FileNotFoundError: ignored

## Finding the Data-type of each column


In [None]:
train.info()


In [None]:
test.info()


## Finding the Percent of null values in each columns


In [None]:
train.isnull().sum()/train.shape[0] * 100


In [None]:
test.isnull().sum()/test.shape[0] * 100

## Finding the columns in each dataset


In [None]:
train.columns


In [None]:
test.columns


## Dropping some useless column. 


In [None]:
ID_train=train['Id']
ID_test=test['Id']
test=test.drop(columns=['Id'], axis=1)
train.head()


## Finding Numerical & Categorical Features (to be treated seperately later)
### This method is called List Comprehension-where a list is created satisfying some condition


In [None]:
cat_train=[col for col in train.columns if train[col].dtype=='object']
num_train=[col for col in train.columns if train[col].dtype!='object']
# cat_train
num_train

In [None]:
cat_test=[col for col in test.columns if test[col].dtype=='object']
num_test=[col for col in test.columns if test[col].dtype!='object']
# cat_test
num_test

## Finding the following Features (to be treated seperately later)
### This method is called List Comprehension-where a list is created satisfying some condition
### * Continuous Features
### * Discreet Features
### *  Year Features


In [None]:
con_train =[col for col in num_train if train[col].nunique()>25]
dis_train =[col for col in num_train if train[col].nunique()<25]
yea_train =[col for col in train.columns if 'Yr' in col or 'Year' in  col or 'yr' in  col or 'YR' in  col]

# con_train
# dis_train
# yea_train

In [None]:
con_test =[col for col in num_test if test[col].nunique()>25]
dis_test =[col for col in num_test if test[col].nunique()<25]
yea_test =[col for col in test.columns if 'Yr' in col or 'Year' in  col or 'yr' in  col or 'YR' in  col]
# con_test
# dis_test
yea_test

## Imputing the missing values
### Missing values are one of the most common problems you can encounter when you try to prepareyour data for machine learning. The reason for the missing values might be human errors,interruptions in the data flow, privacy concerns, and so on. Whatever is the reason, missing values affect the performance of the machine learning models.


In [None]:
from sklearn.impute import SimpleImputer
nsi = SimpleImputer(strategy='mean')  # For Numerical Features, will replace MISSING NUMERIC values with MEAN
csi = SimpleImputer(strategy='most_frequent')  # For Categorical Features, will replace MISSING CATEGORICAL values with MOST FREQUENT value

train[cat_train] = csi.fit_transform(train[cat_train])
train[con_train] = nsi.fit_transform(train[con_train])
train[dis_train] = nsi.fit_transform(train[dis_train])

train.head()

In [None]:
test[cat_test] = csi.fit_transform(test[cat_test])
test[con_test] = nsi.fit_transform(test[con_test])
test[dis_test] = nsi.fit_transform(test[dis_test])

test.head()

## Apply Log Transform on Continuous Data only

In [None]:
# train[con_train]=np.log(train[con_train])
# test[con_test]= np.log(test[con_test])
train.head()
# test.head()

## Transforming Dates
### If you transform the date column into the extracted columns, the information of them become disclosed and machine learning algorithms can easily understand them.


In [None]:
from datetime import date
train[yea_train]=date.today().year - train[yea_train]
test[yea_test]=date.today().year - test[yea_test]
train.head()
# test.head()

## Standardizing the Discrete Values.
### Standardization of a dataset is a common requirement for many machine learning estimators: they might behave badly if the individual features do not more or less look like standard normally distributed data (e.g.
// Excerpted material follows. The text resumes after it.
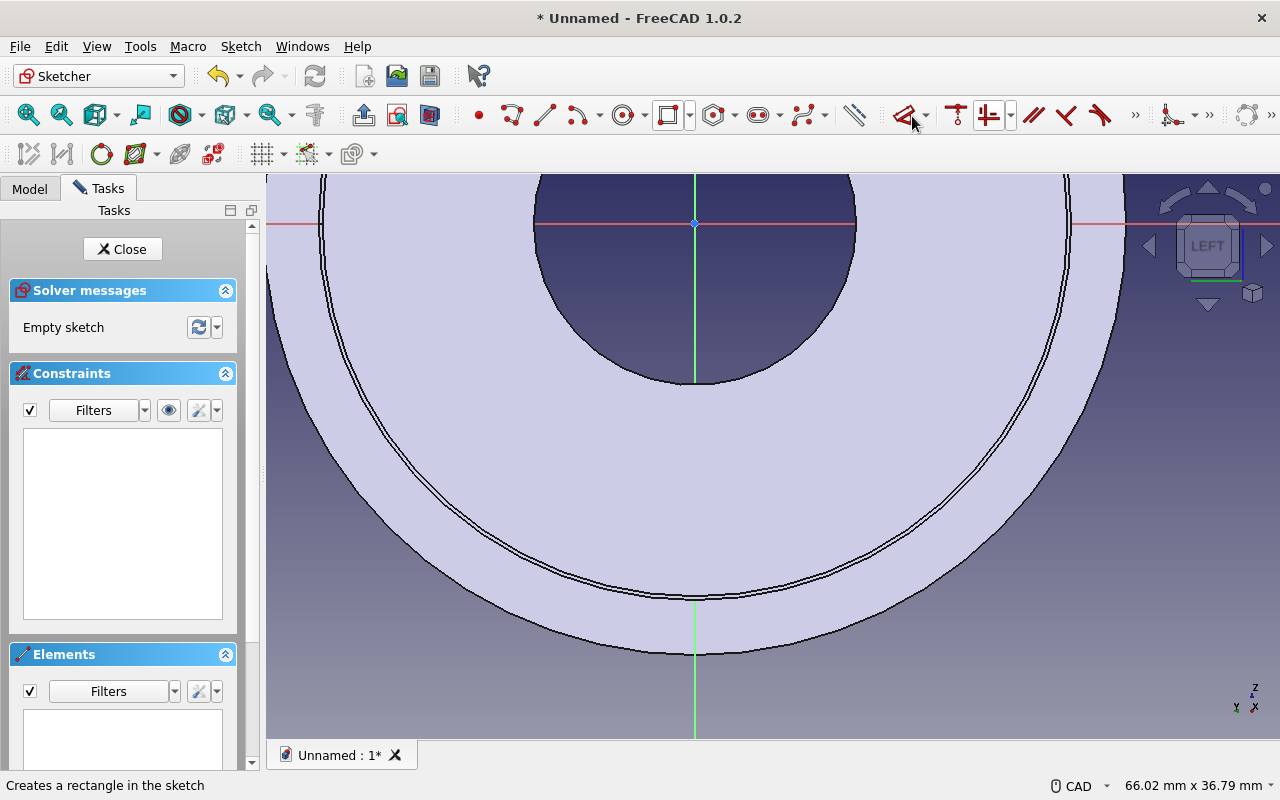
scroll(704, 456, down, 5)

Gaussian with 0 mean and unit variance).


In [None]:
from sklearn.preprocessing import StandardScaler
ss= StandardScaler()
train[dis_train]= ss.fit_transform(train[dis_train])
test[dis_test]= ss.fit_transform(test[dis_test])
train.head()
# test.head()

## Handling Categorical Data using Get_Dummies()
### Machine learning models require all input and output variables to be numeric.This means that if your data contains categorical data, you must encode it to numbers before you can fit and evaluate a model.


In [None]:
train1= pd.get_dummies(train, columns=cat_train, drop_first= True)
test1= pd.get_dummies(test, columns=cat_test, drop_first= True)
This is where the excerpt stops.